E, se a tentativa de estabelecer parâmetros “científicos” falhar, entram em cena outras falácias desumanizadoras, como estabelecer uma distinção filosófica entre “vida humana” e “pessoa humana”, admitindo-se que o embrião ou o feto são de fato vida humana, mas que por algum motivo – sempre arbitrário – não seriam pessoas, e por isso deveriam ser menos dignos de proteção, ou até mesmo nada dignos de proteção. Para isso, no entanto, é preciso esconder um fato que a boa antropologia filosófica atesta: que o nascituro nunca é um algo, mas um alguém, um ser humano desde seu primeiro momento. É por isso que bioeticistas comprometidos com a cultura da morte recorrem, em uma tentativa final de desumanização do embrião ou do feto, a conceitos como o de “senso da própria existência”, para usar as palavras do australiano Peter Singer ao defender uma ideia ainda mais macabra: a de que “matar um recém-nascido nunca é equivalente a matar uma pessoa”.
Com o embrião ou feto devidamente privado do reconhecimento de sua humanidade e sua dignidade intrínseca, as portas estão abertas para o vale-tudo. Assim, o aborto pode deixar de ser reconhecido como um mal que é preciso tolerar, seja lá por que razões, para se tornar coisa mais corriqueira: uma afirmação jubilosa – e as celebrações na França, como também já havia ocorrido na Irlanda ou na Argentina quando da legalização naqueles países, bem o demonstram – da autonomia da mulher, que passa a ser o único critério válido. É como se exprime, por exemplo, o atual presidente do STF, Luís Roberto Barroso, que em 2018 respondia à ativista pró-vida (e hoje deputada federal) Chris Tonietto nos seguintes termos: “Admitindo que haja vida – e, portanto, trabalhando sobre a sua premissa –, se você se mover, como eu me movo, por uma ética kantiana, e se a sua vida depende do sacrifício da minha liberdade individual, e eu não quero sacrificar minha liberdade individual, você perde” – no caso, perde a vida, que fique bem claro.
Dias atrás, tratamos como “barbárie” a postura de optar pela eliminação deliberada de um bebê que já chegou a um estágio de desenvolvimento que lhe permitiria alguma chance de sobrevivência fora do útero.
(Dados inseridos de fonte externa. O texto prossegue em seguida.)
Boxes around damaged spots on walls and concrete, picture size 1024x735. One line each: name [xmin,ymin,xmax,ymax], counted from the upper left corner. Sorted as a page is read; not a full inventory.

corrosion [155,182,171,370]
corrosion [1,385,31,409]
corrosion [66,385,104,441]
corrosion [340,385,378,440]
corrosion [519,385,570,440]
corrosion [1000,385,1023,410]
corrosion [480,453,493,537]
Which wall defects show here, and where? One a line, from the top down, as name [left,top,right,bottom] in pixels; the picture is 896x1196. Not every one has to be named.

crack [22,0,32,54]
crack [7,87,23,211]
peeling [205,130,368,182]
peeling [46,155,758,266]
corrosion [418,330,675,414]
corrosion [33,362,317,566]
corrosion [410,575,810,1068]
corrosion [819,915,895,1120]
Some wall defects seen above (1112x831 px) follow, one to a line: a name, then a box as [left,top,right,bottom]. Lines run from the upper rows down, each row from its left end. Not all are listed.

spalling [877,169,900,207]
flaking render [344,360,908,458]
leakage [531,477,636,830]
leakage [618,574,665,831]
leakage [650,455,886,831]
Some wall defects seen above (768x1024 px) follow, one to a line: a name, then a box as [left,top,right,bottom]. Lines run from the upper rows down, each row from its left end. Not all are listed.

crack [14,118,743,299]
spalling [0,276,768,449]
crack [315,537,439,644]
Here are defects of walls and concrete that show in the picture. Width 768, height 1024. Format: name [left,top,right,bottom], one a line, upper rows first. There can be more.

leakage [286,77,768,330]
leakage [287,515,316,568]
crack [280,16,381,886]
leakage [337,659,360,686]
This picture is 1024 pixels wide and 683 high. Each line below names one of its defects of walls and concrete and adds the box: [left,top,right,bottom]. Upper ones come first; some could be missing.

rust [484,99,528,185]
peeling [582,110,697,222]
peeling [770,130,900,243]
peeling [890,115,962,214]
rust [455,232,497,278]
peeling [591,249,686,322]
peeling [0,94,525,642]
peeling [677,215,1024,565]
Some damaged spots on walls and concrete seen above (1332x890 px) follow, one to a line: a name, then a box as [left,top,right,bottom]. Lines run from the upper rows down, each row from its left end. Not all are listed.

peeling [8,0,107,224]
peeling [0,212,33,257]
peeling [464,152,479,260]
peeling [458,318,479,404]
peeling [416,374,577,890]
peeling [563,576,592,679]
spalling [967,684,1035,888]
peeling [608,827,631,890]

Mas é igualmente bárbaro retirar de um ser humano, independentemente de sua idade gestacional, sua dignidade intrínseca e cristalizar na lei maior de um país a possibilidade de seu extermínio como um direito. Não há verniz de civilização ou prosperidade material que sejam capazes de esconder o apodrecimento moral de uma sociedade que trata dessa forma os mais indefesos e inocentes entre os seres humanos.